Lenovo ThinkPad P14s (AMD) Gen 4

From ArchWiki
Hardware PCI/USB ID Working?
GPU 1002:15bf Yes
Wifi 17cb:1103 Wakes up sleep
Bluetooth 10ab:9309 Yes
Ethernet 10ec:8168 Yes
Audio 1022:15e3 Mic might not work
TrackPoint Yes
Touchpad Yes
Touchscreen Yes
Webcam 5986:118c Yes
TPM Yes
Fingerprint reader 27c6:6594 Yes
Smartcard reader 2ce3:9563 Untested

This article covers the installation and configuration of Arch Linux on a Lenovo ThinkPad P14s (AMD) Gen 4 laptop. With recent enough kernel the device works almost out of the box.

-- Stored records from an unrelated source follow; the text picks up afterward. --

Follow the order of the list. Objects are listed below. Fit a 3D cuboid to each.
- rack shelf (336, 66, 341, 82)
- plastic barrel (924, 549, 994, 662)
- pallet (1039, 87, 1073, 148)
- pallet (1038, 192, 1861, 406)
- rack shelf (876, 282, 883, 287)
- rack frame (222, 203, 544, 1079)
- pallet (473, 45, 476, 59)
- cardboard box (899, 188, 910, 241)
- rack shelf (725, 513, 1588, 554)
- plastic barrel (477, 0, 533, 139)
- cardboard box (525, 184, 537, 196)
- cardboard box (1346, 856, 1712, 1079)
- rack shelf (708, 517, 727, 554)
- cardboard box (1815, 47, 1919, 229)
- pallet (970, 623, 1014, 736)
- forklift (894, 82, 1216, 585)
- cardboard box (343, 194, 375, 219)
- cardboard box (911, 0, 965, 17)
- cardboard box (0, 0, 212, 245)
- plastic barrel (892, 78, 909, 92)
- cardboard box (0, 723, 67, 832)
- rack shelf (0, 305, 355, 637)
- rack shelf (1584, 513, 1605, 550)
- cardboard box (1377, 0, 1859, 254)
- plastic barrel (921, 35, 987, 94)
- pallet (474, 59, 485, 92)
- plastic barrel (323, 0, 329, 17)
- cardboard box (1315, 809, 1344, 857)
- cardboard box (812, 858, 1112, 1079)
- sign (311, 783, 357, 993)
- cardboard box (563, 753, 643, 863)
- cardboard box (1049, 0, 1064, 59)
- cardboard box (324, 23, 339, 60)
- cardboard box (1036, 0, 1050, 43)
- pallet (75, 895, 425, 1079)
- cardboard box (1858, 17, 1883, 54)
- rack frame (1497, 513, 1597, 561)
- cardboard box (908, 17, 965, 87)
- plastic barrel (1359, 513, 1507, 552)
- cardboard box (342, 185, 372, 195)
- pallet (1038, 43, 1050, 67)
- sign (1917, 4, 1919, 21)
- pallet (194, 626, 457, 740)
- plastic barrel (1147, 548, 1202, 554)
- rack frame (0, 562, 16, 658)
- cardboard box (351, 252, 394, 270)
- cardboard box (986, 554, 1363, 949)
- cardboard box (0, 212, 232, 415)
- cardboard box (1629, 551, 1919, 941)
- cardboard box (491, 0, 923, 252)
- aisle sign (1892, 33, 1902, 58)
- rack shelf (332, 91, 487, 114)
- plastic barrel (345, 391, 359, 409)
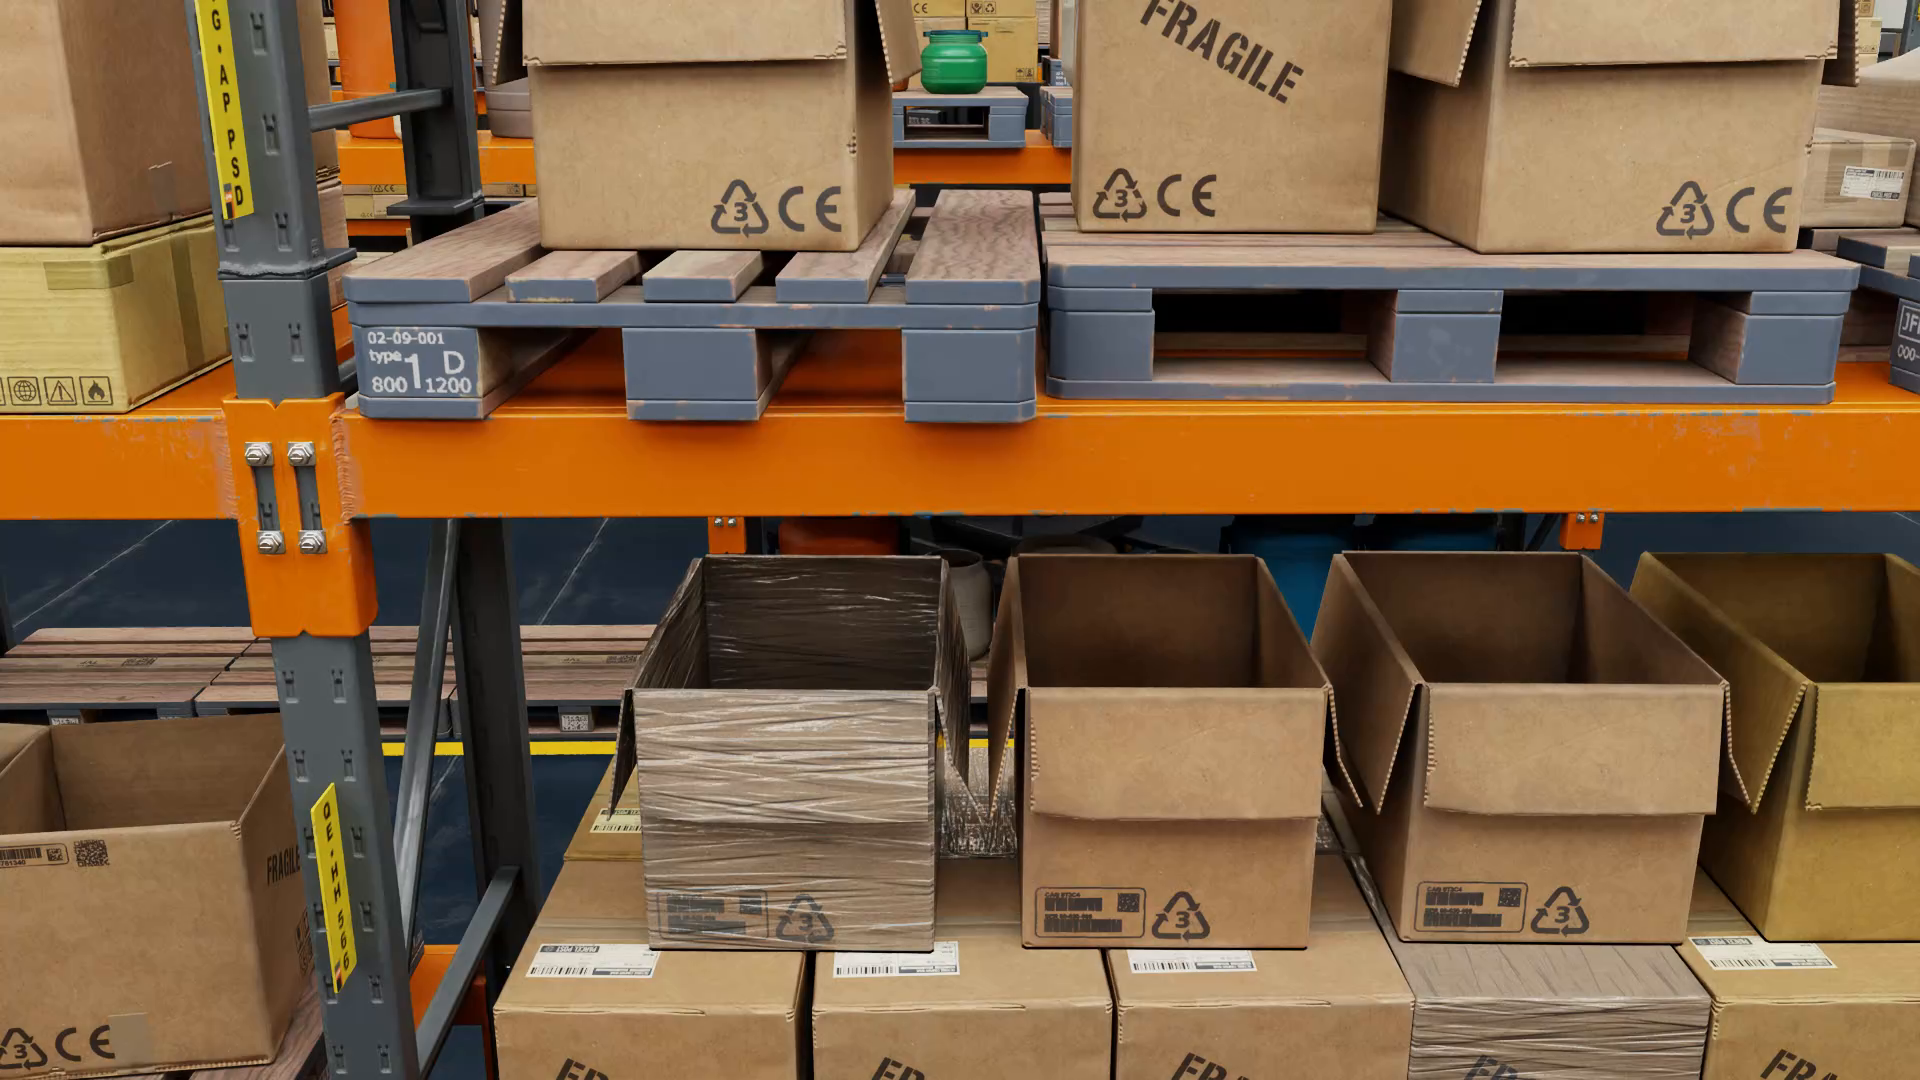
[{"bbox_3d":[-7.246,-4.694,17.036,4.000,0.370,1.077,0,18,-1],"label":"rack shelf"},{"bbox_3d":[-0.038,0.336,8.475,0.421,0.512,0.421,0,18,0],"label":"plastic barrel"},{"bbox_3d":[0.993,-1.929,7.548,1.213,0.211,1.003,0,18,-1],"label":"pallet"},{"bbox_3d":[0.749,-0.462,2.977,1.213,0.211,1.003,1,18,2],"label":"pallet"},{"bbox_3d":[0.835,-1.791,12.898,4.000,0.370,1.077,0,18,-1],"label":"rack shelf"},{"bbox_3d":[-1.012,0.902,3.327,0.127,3.000,1.000,0,18,-1],"label":"rack frame"},{"bbox_3d":[-4.627,-4.927,16.893,1.003,0.211,1.213,0,18,-1],"label":"pallet"},{"bbox_3d":[-0.536,-2.409,12.796,0.500,0.500,0.700,-6,19,-19],"label":"cardboard box"},{"bbox_3d":[0.910,-0.278,8.182,4.000,0.370,1.077,0,18,-1],"label":"rack shelf"},{"bbox_3d":[-1.914,-2.341,7.702,0.600,0.901,0.600,0,18,0],"label":"plastic barrel"},{"bbox_3d":[-4.177,-3.867,17.309,0.500,0.500,0.700,2,18,5],"label":"cardboard box"},{"bbox_3d":[1.006,0.926,3.086,0.500,0.500,0.500,0,18,-1],"label":"cardboard box"},{"bbox_3d":[-3.090,-0.259,8.122,4.000,0.370,1.077,0,18,-1],"label":"rack shelf"},{"bbox_3d":[1.889,-0.726,2.947,0.500,0.311,0.500,-1,18,-3],"label":"cardboard box"},{"bbox_3d":[-0.302,0.700,8.520,1.213,0.211,1.003,0,18,-1],"label":"pallet"},{"bbox_3d":[0.489,-1.248,10.141,3.031,2.935,1.130,16,24,41],"label":"forklift"},{"bbox_3d":[-6.213,-3.461,17.139,0.500,0.250,0.500,0,18,-1],"label":"cardboard box"},{"bbox_3d":[-0.218,-4.079,12.140,0.500,0.500,0.500,0,18,-1],"label":"cardboard box"},{"bbox_3d":[-1.485,-0.734,2.531,0.500,0.500,0.500,0,18,1],"label":"cardboard box"},{"bbox_3d":[-0.522,-2.446,7.460,0.708,0.830,0.600,0,18,-1],"label":"plastic barrel"},{"bbox_3d":[-2.108,0.702,3.097,0.500,0.500,0.700,2,18,7],"label":"cardboard box"},{"bbox_3d":[-3.011,-0.175,2.948,4.000,0.370,1.077,0,18,-1],"label":"rack shelf"},{"bbox_3d":[4.909,-0.298,8.242,4.000,0.370,1.077,0,18,-1],"label":"rack shelf"},{"bbox_3d":[1.031,-0.792,2.840,0.637,0.503,0.797,-1,18,-2],"label":"cardboard box"},{"bbox_3d":[-0.027,-2.100,7.341,0.294,0.245,0.294,0,18,0],"label":"plastic barrel"},{"bbox_3d":[-2.960,-3.426,12.214,1.213,0.211,1.003,1,18,2],"label":"pallet"},{"bbox_3d":[-3.276,-2.334,7.681,0.708,0.901,0.600,0,18,-1],"label":"plastic barrel"},{"bbox_3d":[0.496,0.772,3.567,0.500,0.500,0.500,-1,18,-3],"label":"cardboard box"},{"bbox_3d":[-0.006,0.931,3.070,0.500,0.500,0.500,-1,18,-2],"label":"cardboard box"},{"bbox_3d":[-0.994,0.554,2.645,0.005,0.325,0.100,0,18,-1],"label":"sign"},{"bbox_3d":[-0.522,0.776,3.555,0.500,0.500,0.500,0,18,1],"label":"cardboard box"},{"bbox_3d":[0.997,-3.880,12.305,0.600,0.600,0.600,-1,18,-3],"label":"cardboard box"},{"bbox_3d":[-4.548,-3.662,12.199,0.500,0.250,0.500,2,18,5],"label":"cardboard box"},{"bbox_3d":[0.814,-5.366,17.069,0.500,0.500,0.700,0,18,-1],"label":"cardboard box"},{"bbox_3d":[-1.723,1.029,3.244,1.003,0.211,1.213,0,18,-1],"label":"pallet"},{"bbox_3d":[6.325,-3.677,12.116,0.500,0.250,0.500,0,18,-1],"label":"cardboard box"},{"bbox_3d":[2.910,-0.631,8.102,0.127,3.000,1.000,0,18,-1],"label":"rack frame"},{"bbox_3d":[-0.219,-3.615,12.331,0.500,0.500,0.910,0,18,-1],"label":"cardboard box"},{"bbox_3d":[2.365,0.166,8.367,0.708,0.901,0.600,0,18,-1],"label":"plastic barrel"},{"bbox_3d":[-6.213,-3.812,17.005,0.500,0.500,0.500,0,18,-1],"label":"cardboard box"},{"bbox_3d":[0.515,-5.001,17.125,1.213,0.211,1.003,1,18,2],"label":"pallet"},{"bbox_3d":[6.823,-3.843,11.756,0.005,0.325,0.100,0,18,-1],"label":"sign"},{"bbox_3d":[-3.082,0.713,8.478,1.213,0.211,1.003,0,18,-1],"label":"pallet"},{"bbox_3d":[1.091,0.330,8.492,0.421,0.512,0.421,0,18,0],"label":"plastic barrel"},{"bbox_3d":[-5.089,-0.592,7.982,0.127,3.000,1.000,0,18,-1],"label":"rack frame"},{"bbox_3d":[-4.672,-2.049,12.770,0.500,0.250,0.500,1,18,3],"label":"cardboard box"},{"bbox_3d":[0.371,0.375,3.161,0.637,0.503,0.797,0,18,0],"label":"cardboard box"},{"bbox_3d":[-1.483,-0.378,2.651,0.500,0.250,0.500,0,18,-1],"label":"cardboard box"},{"bbox_3d":[1.663,0.362,3.201,0.637,0.503,0.797,0,18,0],"label":"cardboard box"},{"bbox_3d":[-0.403,-0.801,2.866,0.637,0.503,0.797,1,18,2],"label":"cardboard box"},{"bbox_3d":[6.908,-3.307,12.191,0.004,0.787,0.394,0,18,-1],"label":"aisle sign"},{"bbox_3d":[-3.164,-3.200,12.380,4.000,0.370,1.077,0,18,-1],"label":"rack shelf"},{"bbox_3d":[-2.963,-0.600,7.784,0.433,0.535,0.433,0,18,0],"label":"plastic barrel"}]

For a general overview of laptop-related articles and recommendations, see Laptop.

Firmware

Warning: There is an issue that can leave your system in broken state when changing sleep states in BIOS. See Lenovo ThinkPad T14 (AMD) Gen 3#Firmware.

This model is fully compatible with fwupd.

fwupdmgr get-devices detects the System Firmware, UEFI BIOS, webcam, fingerprint sensor, CPU/GPU, TPM and the NVMe controller.

CPU

Since kernel 6.5, the AMD P-State EPP driver with "Active" profile is applied by default, no changes should be needed.

In case you are getting GPU resets (black screen), check Lenovo ThinkPad T14s (AMD) Gen 3#CPU.

Tip: You can verify your CPU frequency scaling driver with cpupower or cat /sys/devices/system/cpu/cpu0/cpufreq/scaling_driver.

Touchpad

To disable sleep wake-up from touchpad see Lenovo ThinkPad T14s (AMD) Gen 3#Disable wakeup from sleep on touchpad activity.

Touchscreen

Note: Not all variations of this model have touchscreen.

The variation of this model with product code/name 21K50009CK is equipped with InfoVision display with touchscreen capability and it works out of the box.

The respective touchscreen input can be found as I2C device ELAN901C:00 04F3:2EDE.

See Touchscreen for other information.

Speakers

Speakers work out of the box. However, they will not have the same sound quality as on Windows due to the missing Dolby Atmos Convolver. The quality can be improved by using EasyEffects with a convolver effect (and possibly others) - see here for an example preset for this laptop.

WiFi

A specific ath11k firmware version for the hardware in this laptop causes suspend during lid close to immediately wake from sleep.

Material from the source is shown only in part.